The method of the present invention may include the step of washing the polymeric composition to remove the embedded network of gelator. A polymeric composition comprising nanostructured cavities is suitably formed following the washing step. The nanostructured cavities are suitably in the form of a series of channels imprinted in the polymeric composition corresponding to where the embedded network of gelator had been. Suitably the polymeric composition is washed with a solvent such as methanol to generate a micro- or nano-channelled networked structure.

This networked structure may be applied as a host to provide a template for infilling with additional moieties to provide new functionality such as electrical conductivity, ion permeability and encapsulation and release or optical and colouration effects. For use in such applications as electronic materials, including batteries and transparent conductors or biomechanical applications such as diagnostics and controlled release.

The structure of the gelator removed through the washing step is typically the same as the structure of the gelator contacted with the monomeric mixture indicating that the structure of the gelators may be maintained throughout the polymerisation process.
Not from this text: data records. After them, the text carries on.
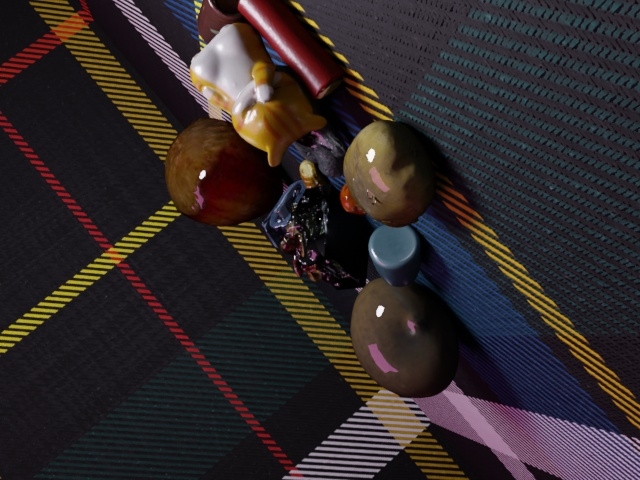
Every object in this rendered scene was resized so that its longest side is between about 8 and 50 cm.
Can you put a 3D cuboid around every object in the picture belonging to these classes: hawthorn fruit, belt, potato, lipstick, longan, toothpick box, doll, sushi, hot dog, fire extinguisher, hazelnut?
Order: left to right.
[{"bbox_3d":[-0.325,-0.214,2.323,0.421,0.352,0.421,23,173,3],"label":"hazelnut"},{"bbox_3d":[-0.206,-0.476,1.523,0.138,0.102,0.344,50,170,-10],"label":"fire extinguisher"},{"bbox_3d":[-0.133,-0.292,1.345,0.269,0.167,0.162,53,-166,17],"label":"doll"},{"bbox_3d":[-0.055,-0.377,1.304,0.241,0.080,0.080,50,170,3],"label":"lipstick"},{"bbox_3d":[-0.075,-0.093,2.062,0.122,0.218,0.128,-2,132,34],"label":"belt"},{"bbox_3d":[-0.055,-0.241,1.554,0.246,0.158,0.340,34,162,29],"label":"doll"},{"bbox_3d":[0.001,0.000,1.913,0.213,0.215,0.227,-7,154,31],"label":"sushi"},{"bbox_3d":[0.006,-0.118,1.993,0.083,0.068,0.289,50,174,45],"label":"hot dog"},{"bbox_3d":[0.091,-0.100,1.653,0.093,0.093,0.093,48,169,12],"label":"hawthorn fruit"},{"bbox_3d":[0.124,-0.113,1.314,0.191,0.141,0.296,51,172,8],"label":"potato"},{"bbox_3d":[0.183,0.041,1.658,0.120,0.120,0.184,46,171,23],"label":"toothpick box"},{"bbox_3d":[0.222,0.261,1.850,0.350,0.288,0.288,60,168,-7],"label":"longan"}]
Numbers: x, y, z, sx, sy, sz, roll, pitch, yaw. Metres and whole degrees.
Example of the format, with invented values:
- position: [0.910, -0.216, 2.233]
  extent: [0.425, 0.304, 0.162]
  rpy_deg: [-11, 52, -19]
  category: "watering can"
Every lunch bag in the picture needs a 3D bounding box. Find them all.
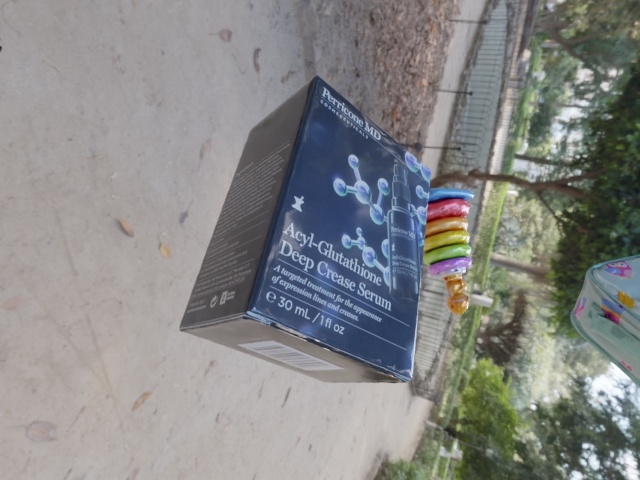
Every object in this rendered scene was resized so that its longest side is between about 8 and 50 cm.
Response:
- position: [0.476, 0.126, 0.525]
  extent: [0.279, 0.224, 0.108]
  rpy_deg: [-118, -162, -55]
  category: "lunch bag"

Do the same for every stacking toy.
- position: [0.307, 0.031, 1.032]
  extent: [0.165, 0.175, 0.302]
  rpy_deg: [0, 71, -35]
  category: "stacking toy"

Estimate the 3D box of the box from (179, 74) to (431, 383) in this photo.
- position: [0.000, 0.000, 0.701]
  extent: [0.293, 0.212, 0.396]
  rpy_deg: [29, 58, -30]
  category: "box"

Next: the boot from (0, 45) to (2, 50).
- position: [-0.454, -0.262, 0.423]
  extent: [0.229, 0.091, 0.263]
  rpy_deg: [23, 88, -48]
  category: "boot"

This structure may or may not be chiral.

Where the gelator component comprises functional groups, the functional groups typically remain attached to the gelator throughout the polymerisation process and may be removed through the washing step.

According to a further aspect of the present invention there is provided a method of forming a polymeric composition whose properties have been modified, said method comprising the steps described above.

According to a further aspect of the present invention there is provided a polymeric composition obtainable or obtained according to either of the methods described above.

According to a further aspect of the present invention there is provided a polymeric composition comprising a network of gelators embedded therein wherein the gelator comprises gelator components comprising two head groups linked by a spacer molecule; wherein both head groups comprise a multiplicity of hydrogen bondable species providing a multiplicity of hydrogen bonding interactions, and/or the head groups are selected so as to associate providing stabilising interactions such as pi-stacking.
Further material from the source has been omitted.